Hill Climbers: ‘Into the Fire’ on Way to Washington
Ben Carnes, the son of a pastor from Greenville, S.C., grew up on conservative values and Southern hospitality.
Now a staffer on Capitol Hill, Carnes has two full-time jobs: Communications director for Rep. Trent Franks, R-Ariz., and single dad to two young children.
Carnes went to school at North Greenville University, a small Southern Baptist school in the northwest part of the Palmetto State. He initially decided to major in broadcast media, but he later had a change of heart about the direction he wanted to take his career.
“I decided a little late that I probably didn’t want to go strictly into broadcasting — that I wanted to get involved in politics,” Carnes said.
It was then that he became involved in the student legislature, opening his eyes to the issues he would become most passionate about, specifically abortion. He became vice president of the college Republicans on the North Greenville campus.
“The life issue — abortion, was kind of the one that really propelled me into it,” he said.
Given his major in broadcast media and his desire to become more deeply involved in politics, Carnes decided to host a politically focused radio show on campus.
But looking back on it, Carnes is a little embarrassed by the experience.
“Most people look back and cringe a little bit about the way they were in college. But few people are so presumptuous that they think they should have their own radio show to broadcast their not-yet-fully-formed opinions,” he said. “So I was a bit of a conservative caricature there for a while.”
Carnes’ first real foray into politics then came when he interned in the district office of Rep. Bob Inglis, R-S.C. After graduating, he was “thrown directly into the fire” when he became the only full-time, paid staffer in South Carolina for Sam Brownback’s short-lived presidential campaign in 2007.

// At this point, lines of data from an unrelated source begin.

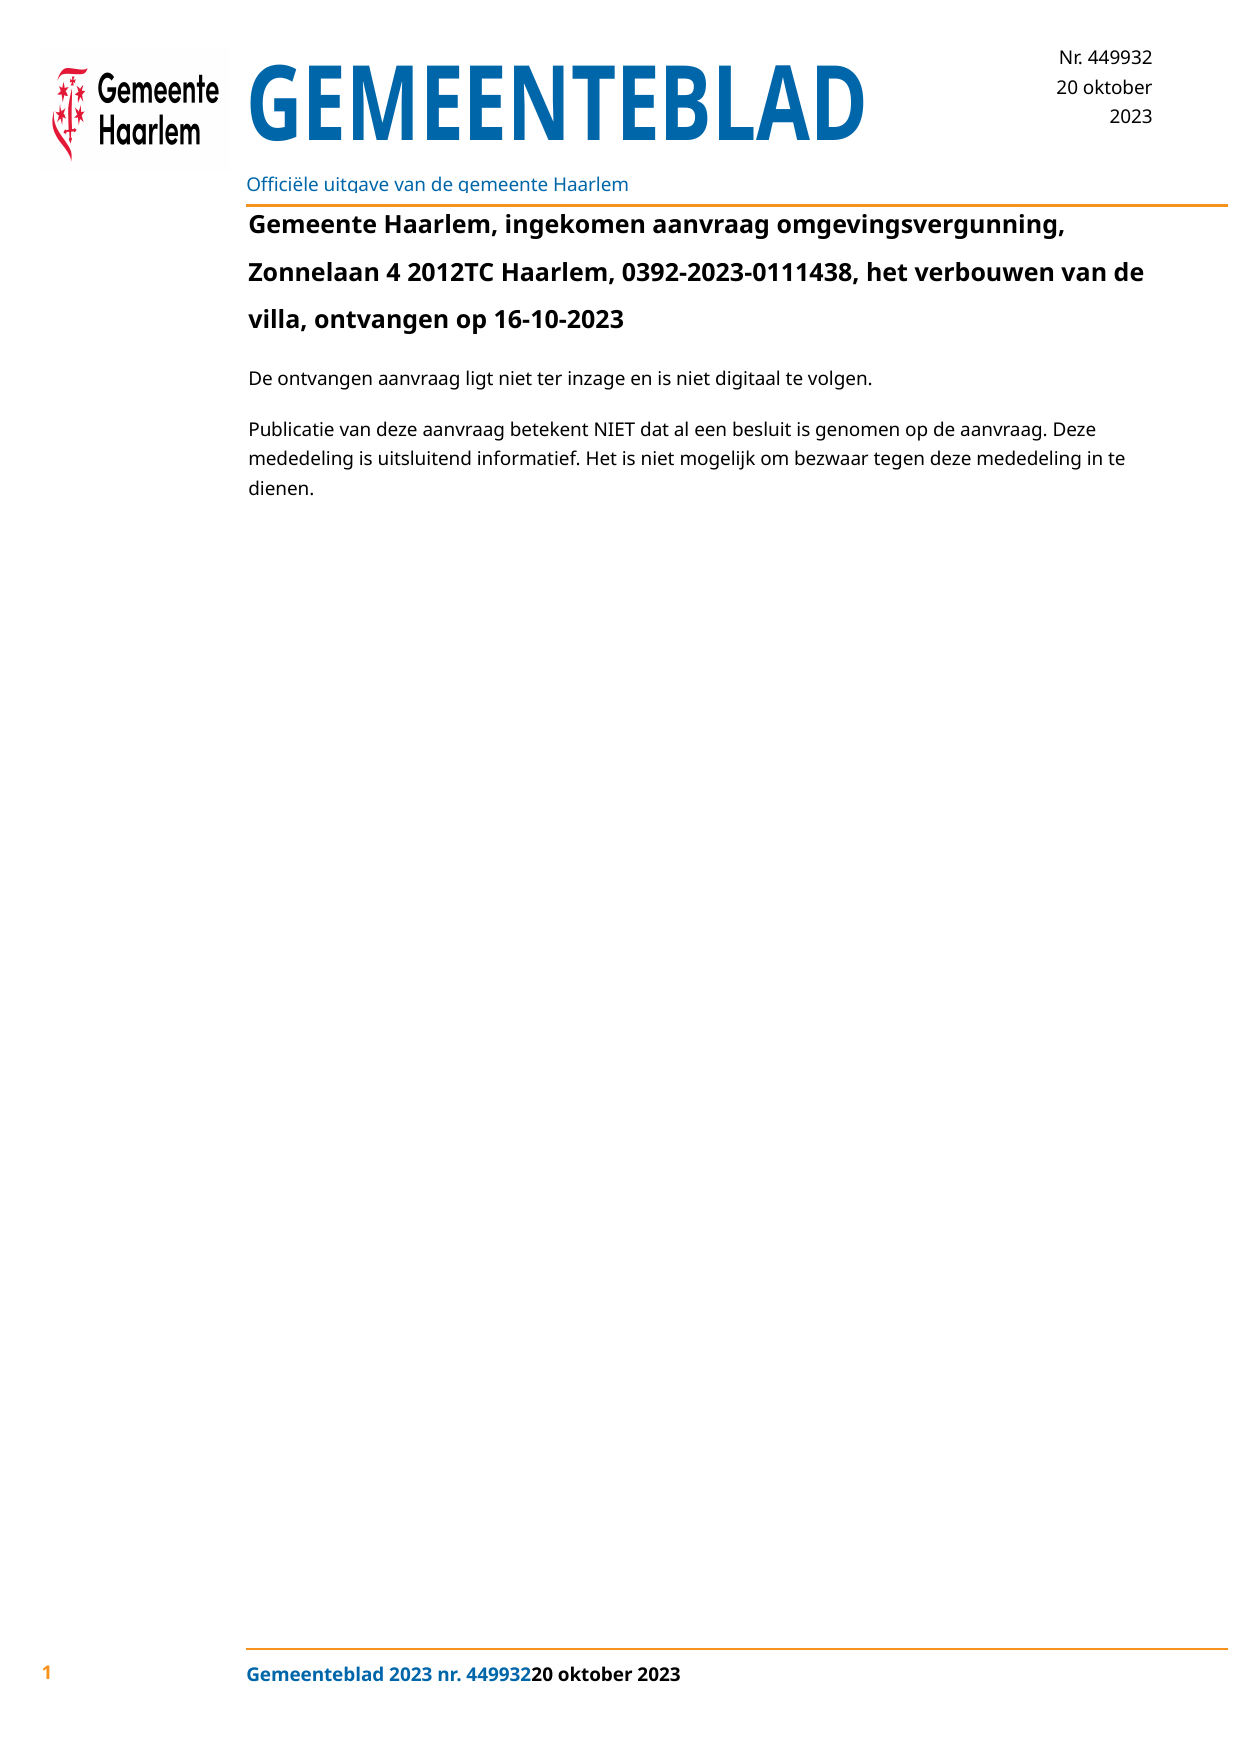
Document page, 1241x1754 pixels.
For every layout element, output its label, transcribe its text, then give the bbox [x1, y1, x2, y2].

text Publicatie van deze aanvraag betekent NIET dat al een besluit is genomen op de aanvraag. Deze mededeling is uitsluitend informatief. Het is niet mogelijk om bezwaar tegen deze mededeling in te dienen. [248, 416, 1152, 501]
text Gemeente Haarlem, ingekomen aanvraag omgevingsvergunning, Zonnelaan 4 2012TC Haarlem, 0392-2023-0111438, het verbouwen van de villa, ontvangen op 16-10-2023 [248, 207, 1152, 336]
picture [41, 47, 231, 172]
text De ontvangen aanvraag ligt niet ter inzage en is niet digitaal te volgen. [248, 366, 1152, 391]
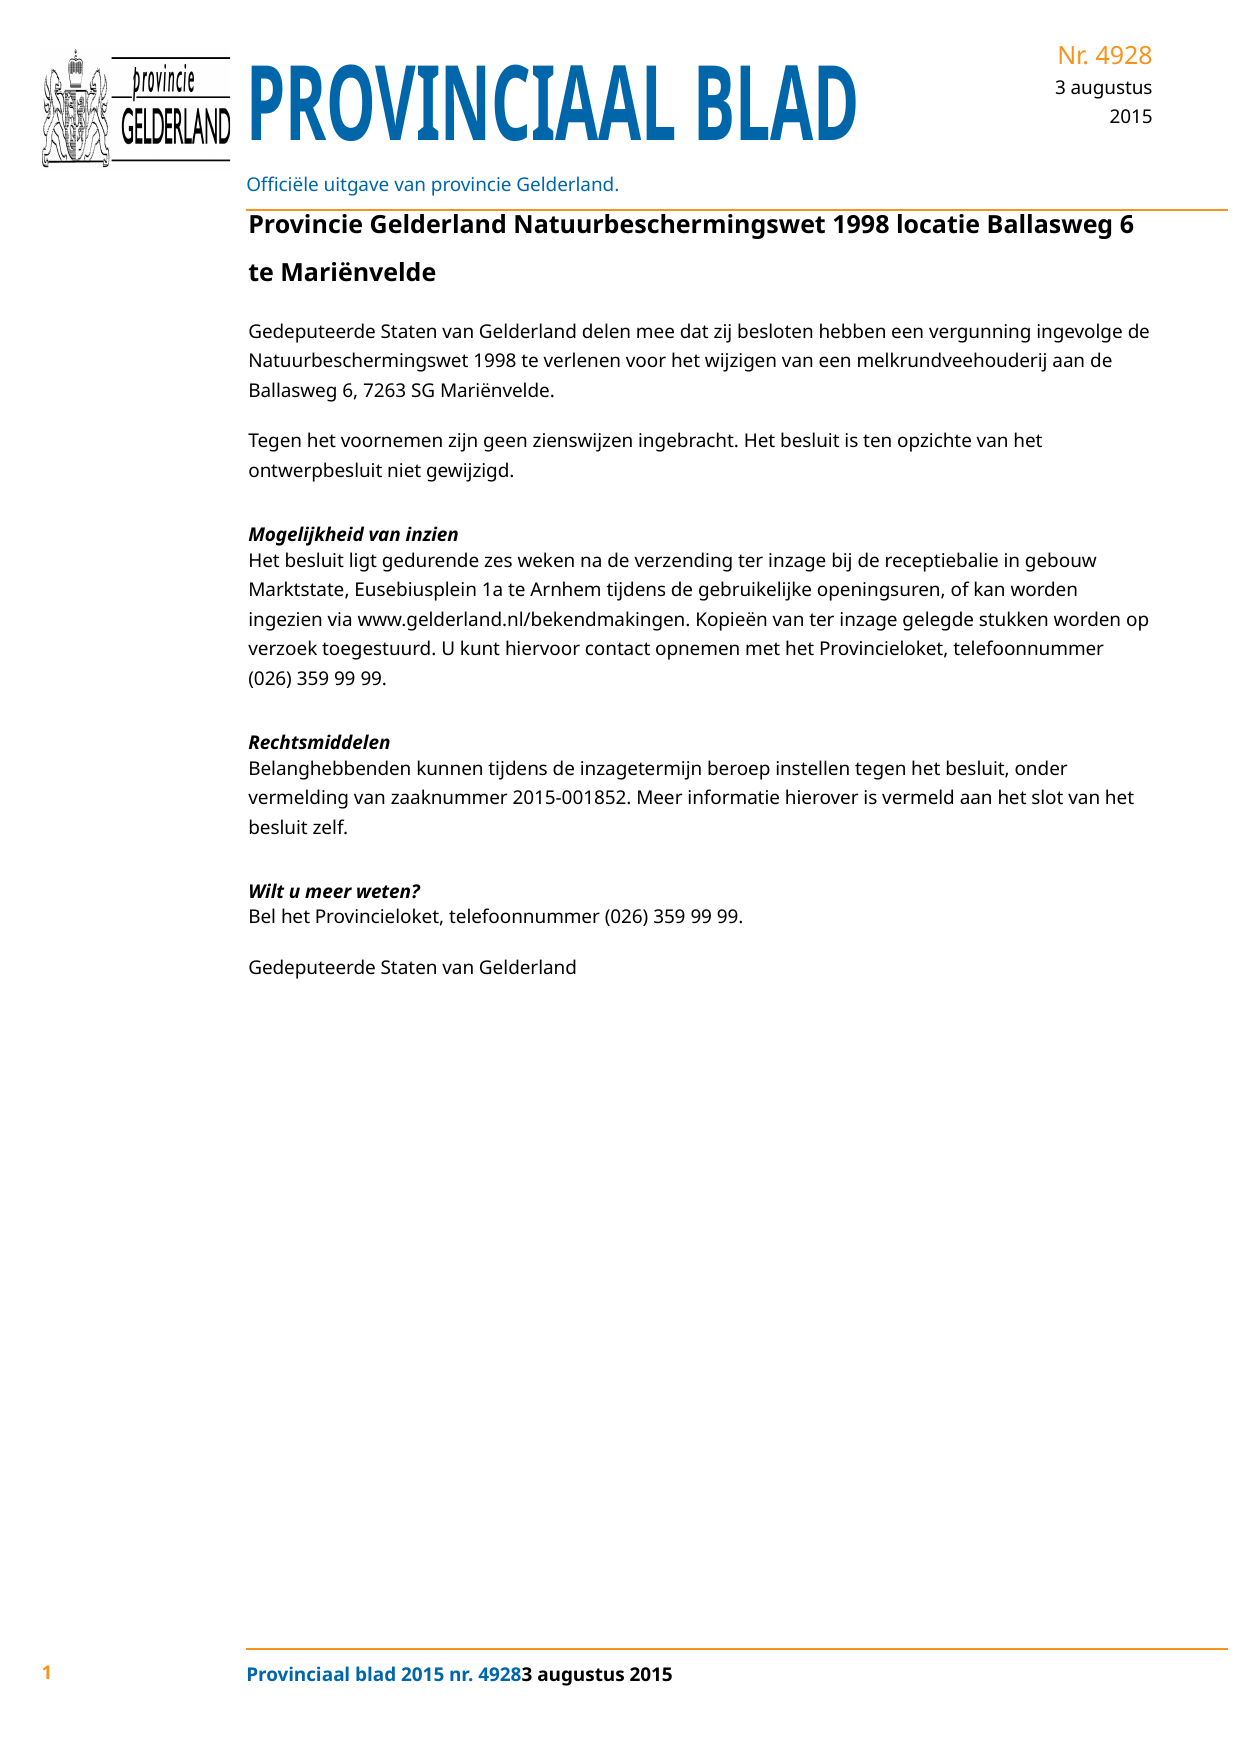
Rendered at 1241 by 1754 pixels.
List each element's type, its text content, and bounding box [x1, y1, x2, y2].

text Gedeputeerde Staten van Gelderland [248, 954, 1152, 980]
text Provincie Gelderland Natuurbeschermingswet 1998 locatie Ballasweg 6 te Mariënvelde [248, 211, 1152, 288]
text Bel het Provincieloket, telefoonnummer (026) 359 99 99. [248, 904, 1152, 929]
text Gedeputeerde Staten van Gelderland delen mee dat zij besloten hebben een vergunning ingevolge de Natuurbeschermingswet 1998 te verlenen voor het wijzigen van een melkrundveehouderij aan de Ballasweg 6, 7263 SG Mariënvelde. [248, 318, 1152, 403]
text Rechtsmiddelen [248, 729, 1152, 755]
text Tegen het voornemen zijn geen zienswijzen ingebracht. Het besluit is ten opzichte van het ontwerpbesluit niet gewijzigd. [248, 427, 1152, 483]
text Belanghebbenden kunnen tijdens de inzagetermijn beroep instellen tegen het besluit, onder vermelding van zaaknummer 2015-001852. Meer informatie hierover is vermeld aan het slot van het besluit zelf. [248, 755, 1152, 840]
text Wilt u meer weten? [248, 878, 1152, 904]
text Het besluit ligt gedurende zes weken na de verzending ter inzage bij de receptiebalie in gebouw Marktstate, Eusebiusplein 1a te Arnhem tijdens de gebruikelijke openingsuren, of kan worden ingezien via www.gelderland.nl/bekendmakingen. Kopieën van ter inzage gelegde stukken worden op verzoek toegestuurd. U kunt hiervoor contact opnemen met het Provincieloket, telefoonnummer (026) 359 99 99. [248, 547, 1152, 691]
picture [41, 47, 231, 172]
text Mogelijkheid van inzien [248, 521, 1152, 547]
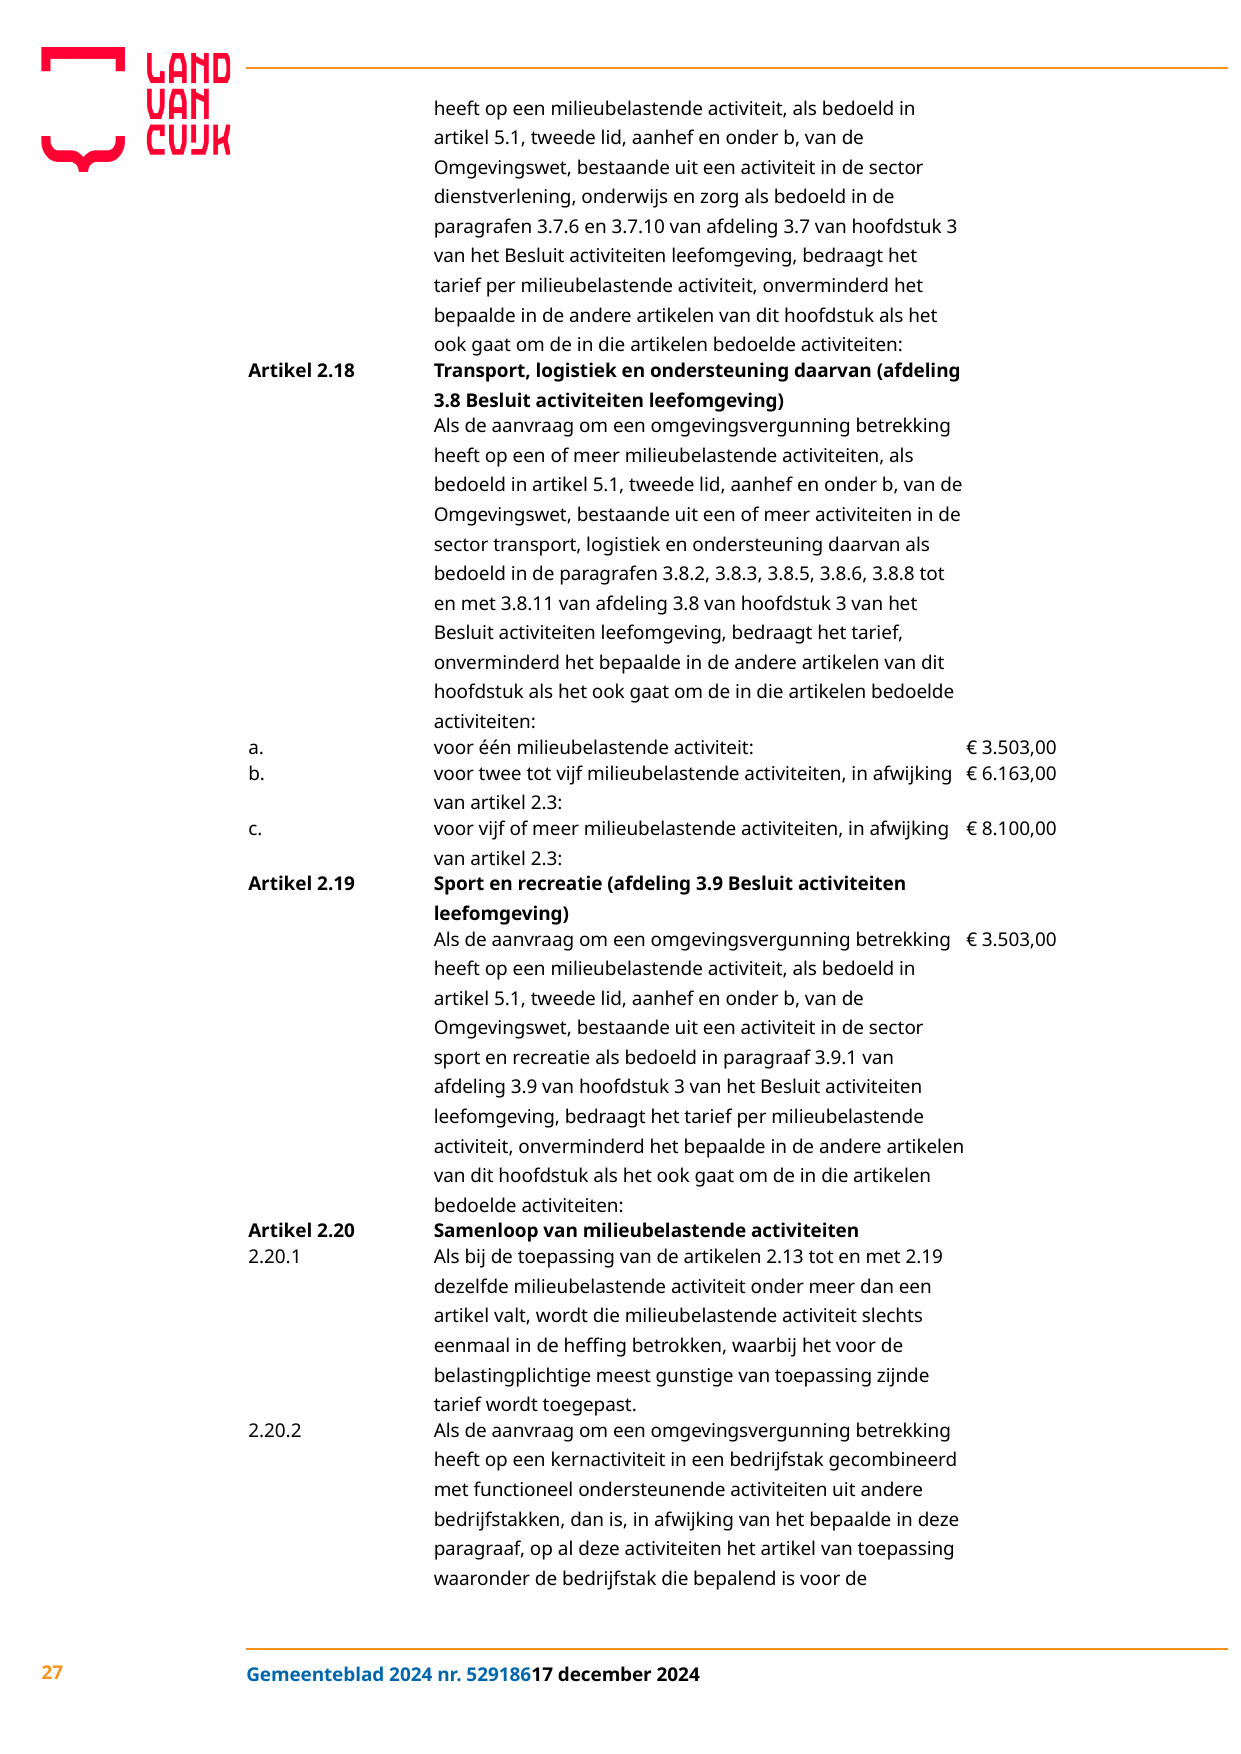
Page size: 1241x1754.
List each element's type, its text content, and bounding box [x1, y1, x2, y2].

“I went from just graduating college to — I was a surrogate for a presidential candidate, senior senator out of Kansas,” he said.
When Brownback failed to place second in the Ames Straw Poll, the campaign began to wind down and Carnes began a new job search. After a few months, he took a job with the National Pro-Life Alliance for one year — an experience that served as “a wake-up call,” he said.
“It became pretty obvious that the financial side of things was the sole focus, almost exclusively — so it was more a fundraising experience than it was a grass-roots lobbying operation.”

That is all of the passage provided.